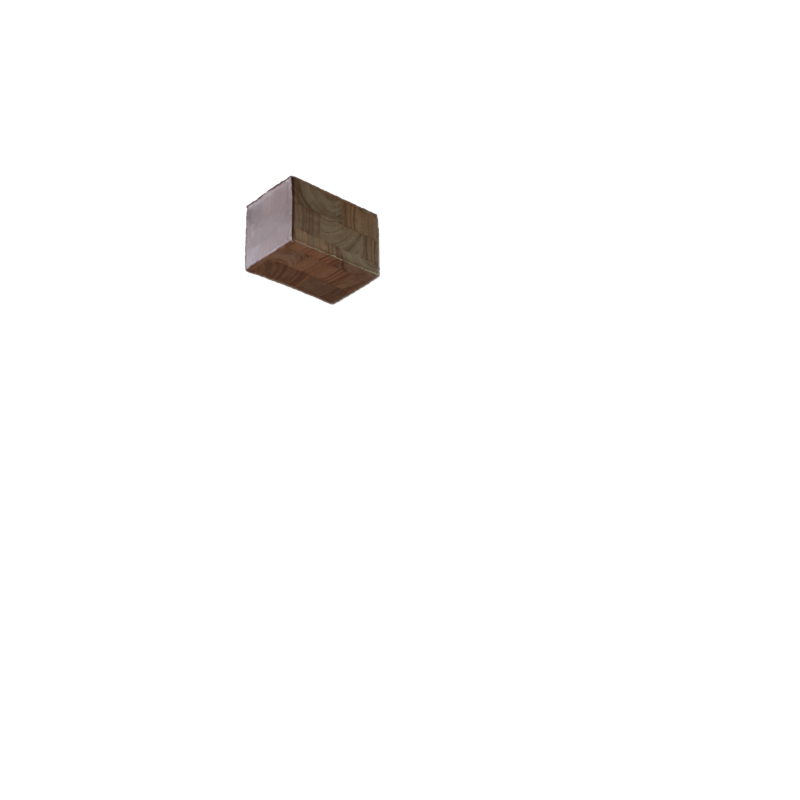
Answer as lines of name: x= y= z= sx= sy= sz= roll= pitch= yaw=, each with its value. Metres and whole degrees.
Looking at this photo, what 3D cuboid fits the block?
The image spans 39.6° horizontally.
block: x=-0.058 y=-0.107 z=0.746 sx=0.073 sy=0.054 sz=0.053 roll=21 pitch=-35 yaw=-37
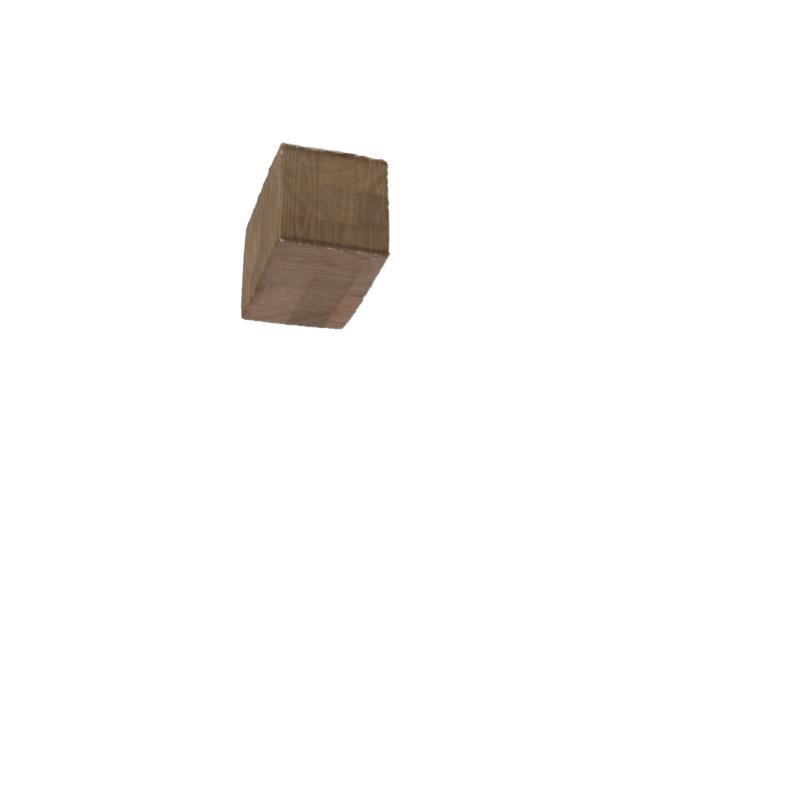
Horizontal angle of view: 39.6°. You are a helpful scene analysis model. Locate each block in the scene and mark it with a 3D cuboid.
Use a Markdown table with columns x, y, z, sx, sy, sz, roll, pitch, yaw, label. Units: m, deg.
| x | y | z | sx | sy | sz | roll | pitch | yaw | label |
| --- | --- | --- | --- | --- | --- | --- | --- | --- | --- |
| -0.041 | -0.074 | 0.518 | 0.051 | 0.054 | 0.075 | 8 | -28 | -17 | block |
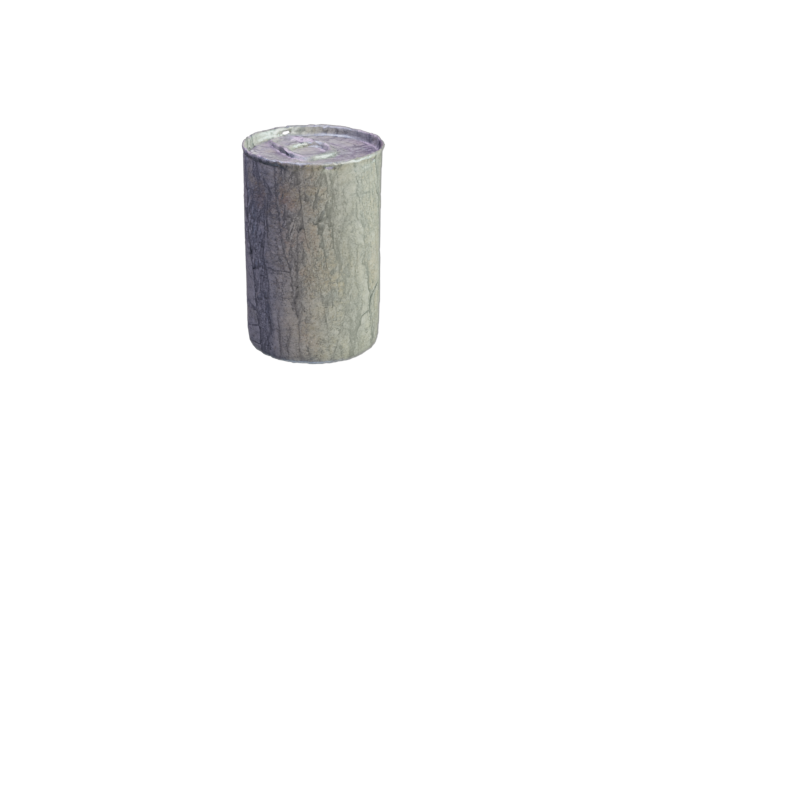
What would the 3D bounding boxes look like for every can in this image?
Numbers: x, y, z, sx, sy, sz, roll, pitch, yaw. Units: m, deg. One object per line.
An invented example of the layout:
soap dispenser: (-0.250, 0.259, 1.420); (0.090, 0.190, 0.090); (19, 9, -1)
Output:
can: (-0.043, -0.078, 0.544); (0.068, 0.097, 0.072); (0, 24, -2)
***
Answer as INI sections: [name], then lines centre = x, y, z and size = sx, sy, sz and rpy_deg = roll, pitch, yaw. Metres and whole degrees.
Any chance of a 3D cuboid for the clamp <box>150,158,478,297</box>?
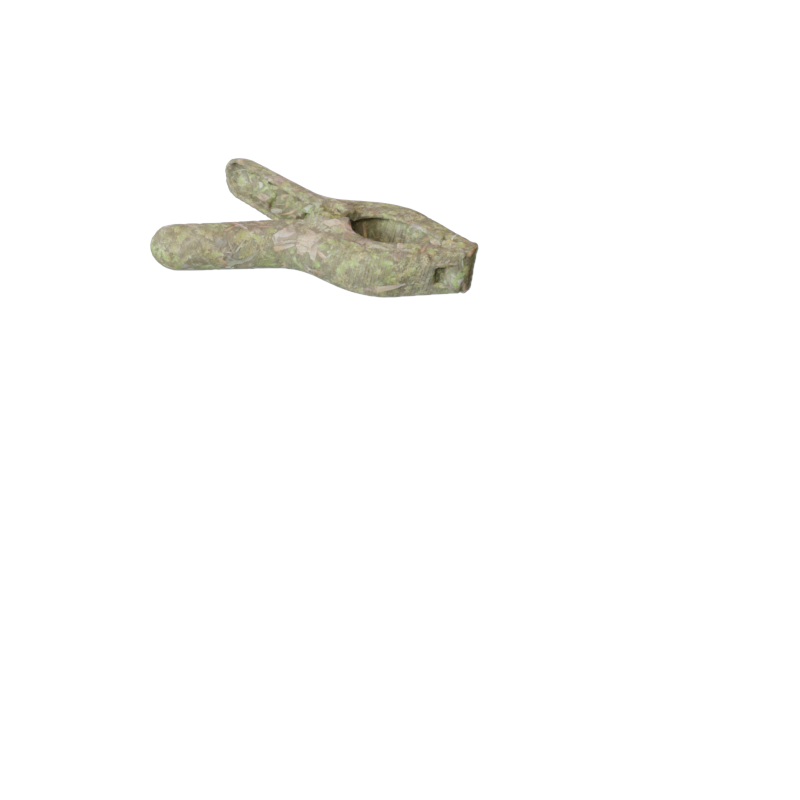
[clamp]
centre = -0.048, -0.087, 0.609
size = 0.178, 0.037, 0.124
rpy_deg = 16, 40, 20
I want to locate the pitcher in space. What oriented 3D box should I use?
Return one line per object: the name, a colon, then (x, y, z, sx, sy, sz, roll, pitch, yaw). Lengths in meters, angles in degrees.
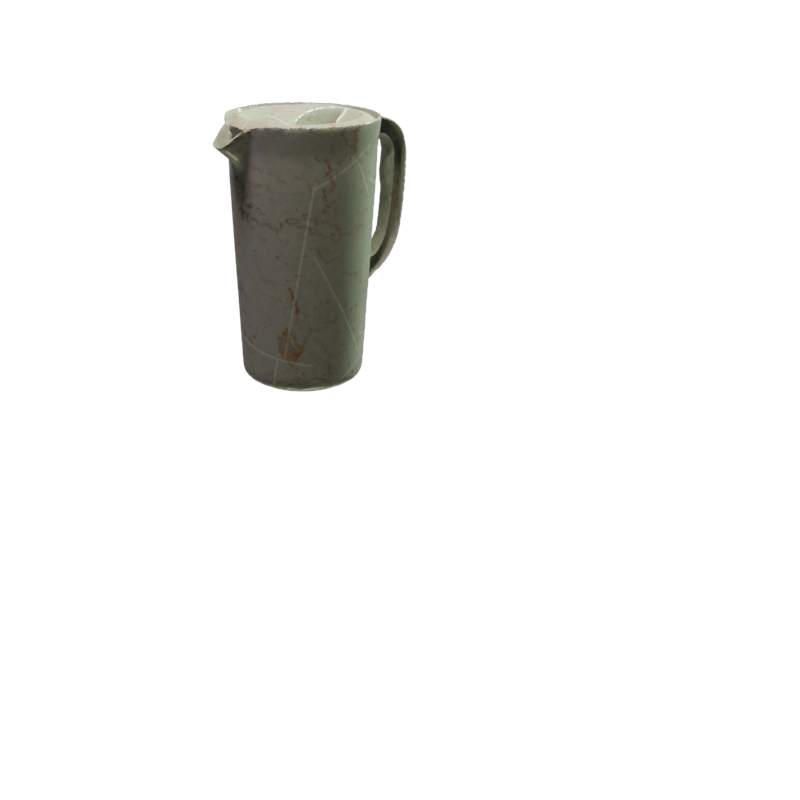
***
**What is required:** Please return all lines above in which the string "whole" is found.

**Your solution:**
Answer as lines of name: x= y= z= sx= sy= sz= roll= pitch= yaw=, each with its value. Metres and whole degrees.
Answer as INI sections: [name], then lines centre = x, y, z and size = sx, sy, sz and rpy_deg = roll, pitch, yaw. Metres and whole degrees.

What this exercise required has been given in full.